Personal information
- Full name: Ingo Anderbrügge
- Date of birth: 2 January 1964 (age 61)
- Place of birth: Datteln, West Germany
- Height: 1.89 m (6 ft 2 in)
- Position(s): Midfielder

Youth career
- 1970–1980: Germania Datteln
- 1980–1983: SpVgg Erkenschwick

Senior career*
- Years: Team / Apps / (Gls)
- 1983–1984: SpVgg Erkenschwick
- 1984–1988: Borussia Dortmund / 76 / (7)
- 1988–1999: Schalke 04 / 316 / (82)
- 2000–2001: Sportfreunde Siegen / 19 / (5)
- Total:  / 411 / (94)

International career
- 1985: West Germany U21 / 3 / (0)

Managerial career
- 2005: Werner SC 2000
- 2005–2006: SpVgg Erkenschwick
- 2006–2007: VfB Hüls
- 2007–2008: Wacker Burghausen

= Ingo Anderbrügge =

German footballer (born 1964)

Ingo Anderbrügge (/de/; born 2 January 1964) is a German former professional footballer who played mostly as an attacking midfielder.

==Football career==
Anderbrügge was born in Datteln. He started playing professionally with Borussia Dortmund, making his Bundesliga debut on 7 July 1984, in a 2–3 home loss against Borussia Mönchengladbach. After a final poor season, in 1987–88, he moved to FC Schalke 04, then in the second division. In his first three years, he netted a total of 36 league goals, eventually gaining promotion in 1991.

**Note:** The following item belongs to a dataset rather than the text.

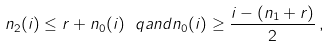<formula> <loc_0><loc_0><loc_500><loc_500>n _ { 2 } ( i ) \leq r + n _ { 0 } ( i ) \ q a n d n _ { 0 } ( i ) \geq \frac { i - ( n _ { 1 } + r ) } { 2 } \, ,</formula>

A regular fixture on the team during the next six years, with the UEFA Cup conquest in 1996–97, his only professional accolade (he netted his penalty shootout attempt in the final against F.C. Internazionale Milano), Anderbrügge could only manage however 33 appearances from 1997 to 2000, and retired after a brief spell with Sportfreunde Siegen, in the third level, having totalled 53 goals in 292 first division contests (397/89 in all three levels).

In March 2008, Anderbrügge began his professional manager career, in the same division where he finished his playing activity, with SV Wacker Burghausen – he had previously managed amateurs SpVgg Erkenschwick and VfB Hüls in Westphalia.

==Other ventures==
After retiring as a player, and before he started coaching, Anderbrügge played two seasons as a placekicker for NFL Europe team Rhein Fire.

He also founded a football school and, in March 2009, was appointed technical director of the Deutsches Fußball Internat, a boarding school for youths.

Anderbrügge currently works as a pundit and analyst for German TV channel Sport1.